**** Source records
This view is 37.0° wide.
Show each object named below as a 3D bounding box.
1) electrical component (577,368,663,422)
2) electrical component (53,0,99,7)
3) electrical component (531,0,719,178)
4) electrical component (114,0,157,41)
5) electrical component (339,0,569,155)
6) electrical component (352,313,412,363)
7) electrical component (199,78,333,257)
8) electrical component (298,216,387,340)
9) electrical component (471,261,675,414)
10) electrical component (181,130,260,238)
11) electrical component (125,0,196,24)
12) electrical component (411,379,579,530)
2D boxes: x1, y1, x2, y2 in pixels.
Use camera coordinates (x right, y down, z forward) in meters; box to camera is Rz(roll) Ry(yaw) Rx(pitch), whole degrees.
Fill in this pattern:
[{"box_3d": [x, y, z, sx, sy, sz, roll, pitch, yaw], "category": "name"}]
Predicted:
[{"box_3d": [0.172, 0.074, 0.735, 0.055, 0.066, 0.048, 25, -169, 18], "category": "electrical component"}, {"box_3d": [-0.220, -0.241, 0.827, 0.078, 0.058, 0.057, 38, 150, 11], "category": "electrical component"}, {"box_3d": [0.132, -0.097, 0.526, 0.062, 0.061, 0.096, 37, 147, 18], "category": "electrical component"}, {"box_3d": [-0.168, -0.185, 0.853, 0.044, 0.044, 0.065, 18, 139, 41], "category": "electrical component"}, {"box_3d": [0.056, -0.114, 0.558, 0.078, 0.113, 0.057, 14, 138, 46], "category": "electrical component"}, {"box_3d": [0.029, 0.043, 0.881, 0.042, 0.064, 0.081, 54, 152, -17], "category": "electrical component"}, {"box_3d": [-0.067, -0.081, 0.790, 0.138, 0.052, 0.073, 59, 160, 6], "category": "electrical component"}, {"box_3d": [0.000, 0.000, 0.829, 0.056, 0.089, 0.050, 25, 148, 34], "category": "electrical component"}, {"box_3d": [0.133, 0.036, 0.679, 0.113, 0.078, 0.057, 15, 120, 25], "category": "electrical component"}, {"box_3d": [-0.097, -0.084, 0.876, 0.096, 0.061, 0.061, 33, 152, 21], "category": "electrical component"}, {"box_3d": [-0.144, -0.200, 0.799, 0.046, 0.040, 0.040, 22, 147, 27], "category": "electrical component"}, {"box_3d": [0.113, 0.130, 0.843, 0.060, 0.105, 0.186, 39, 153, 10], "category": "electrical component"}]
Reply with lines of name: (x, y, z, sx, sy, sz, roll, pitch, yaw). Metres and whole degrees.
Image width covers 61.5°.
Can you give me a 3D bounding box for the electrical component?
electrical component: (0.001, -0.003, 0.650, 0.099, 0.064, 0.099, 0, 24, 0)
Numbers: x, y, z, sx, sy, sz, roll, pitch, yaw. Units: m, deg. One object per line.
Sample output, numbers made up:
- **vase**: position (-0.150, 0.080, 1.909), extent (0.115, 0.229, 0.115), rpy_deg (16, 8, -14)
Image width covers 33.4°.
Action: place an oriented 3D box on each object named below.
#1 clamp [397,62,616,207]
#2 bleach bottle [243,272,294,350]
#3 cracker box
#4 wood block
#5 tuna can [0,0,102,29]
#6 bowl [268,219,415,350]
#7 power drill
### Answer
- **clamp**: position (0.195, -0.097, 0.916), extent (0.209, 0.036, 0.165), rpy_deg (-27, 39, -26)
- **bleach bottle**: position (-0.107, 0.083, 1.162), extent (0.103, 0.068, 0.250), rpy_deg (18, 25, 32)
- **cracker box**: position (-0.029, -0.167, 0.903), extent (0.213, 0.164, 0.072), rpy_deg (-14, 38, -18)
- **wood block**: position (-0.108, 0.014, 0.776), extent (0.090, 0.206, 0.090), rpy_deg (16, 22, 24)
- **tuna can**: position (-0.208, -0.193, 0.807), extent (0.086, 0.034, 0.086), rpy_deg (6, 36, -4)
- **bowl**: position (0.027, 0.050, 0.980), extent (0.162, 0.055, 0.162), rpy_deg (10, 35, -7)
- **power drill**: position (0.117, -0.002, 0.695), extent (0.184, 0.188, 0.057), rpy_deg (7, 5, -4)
********
Using the material above, return each line in which the word "Image" occurs.

Image width covers 61.5°.
Image width covers 33.4°.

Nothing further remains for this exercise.